2.There was no unemployment insurance during the depression. People who are laid-off or fired in this downturn are entitled to 39 weeks of unemployment benefits and Congress is considering extending that to 52 weeks. That is a full year of partial support for someone attempting to find a new position.
3.There was no FDIC insurance in the depression. Banks failed and some people lost what little money they had. FDIC insurance now covers up to $250,000 per person on an account and we can all rest assured that the government will back these assets and protect them.
4.The government was very slow to respond during the Great Depression. Most of what President Roosevelt and his team faced had never been experienced before and it took them awhile (years) to get the correct policy responses in place. This time around, government has responded swiftly to the financial market crisis. Although not all policy responses may work as planned, there certainly has not been a lack of effort or imagination in reacting to each new development.

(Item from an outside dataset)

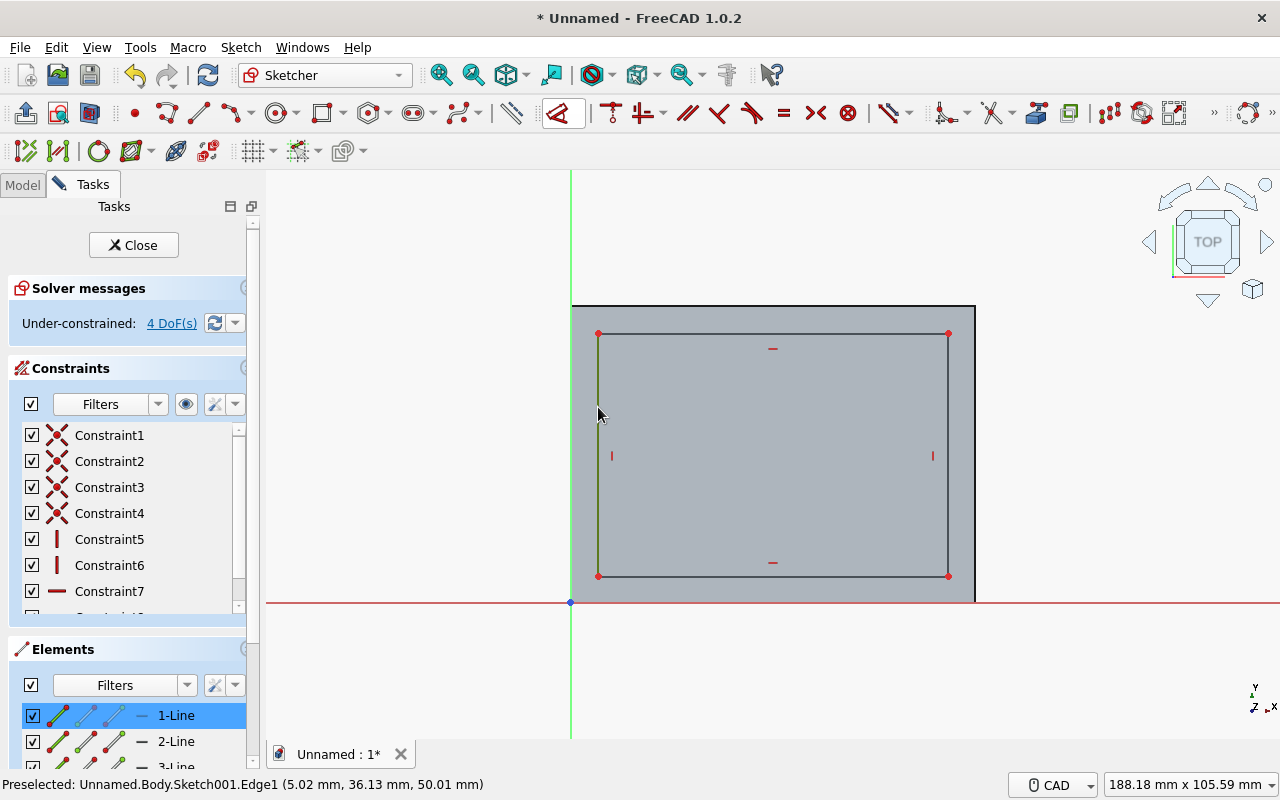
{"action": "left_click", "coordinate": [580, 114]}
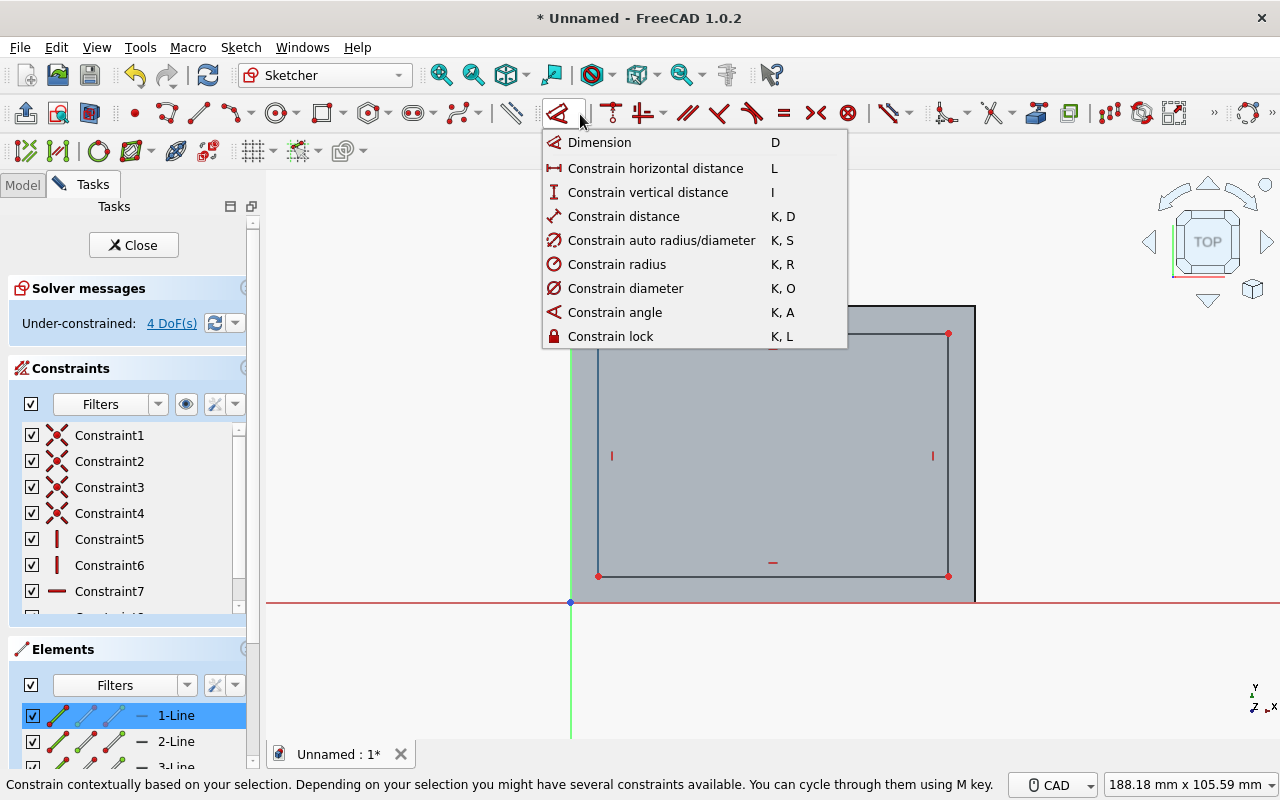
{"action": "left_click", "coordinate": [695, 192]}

5.We will begin 2009 with new leadership. Regardless of your political beliefs, we have a new administration and a new set of priorities that they will work on. The financial crisis will be front and center. This administration will not have to question what their policy legacy will be; they are walking into office with the big issues already defined for them. We can hope as a nation that they are up to the challenge, but crisis usually brings out the best in America.
6.Even during the depression there were some good financial times in the market. As I have mentioned, the Great Depression is typically measured from 1929 to 1937. Few people know how the markets actually performed in that period. Most everyone knows that people lost money in the markets, but for long-term investors, the markets had some very good years during that period and for many years afterward. Here is the factual performance during the period: 1929, -8.4%; 1930, -24.9%; 1931, -43.3%; 1932, -8.2%; 1933, +54%; 1934, -1.4%; 1935, +47.7; 1936, +34%; 1937, -35%. Investors who held stocks from 1933-1939 (the depth of the economic depression) had an average annual return of +14.3%! All the data for this point is from Ibbotson SBBI 2008 Classic Yearbook (the industry bible for statistics).
I do not think this will be the next depression. We may see a recession but the financial markets will start to price in a recovery well before we start to feel better.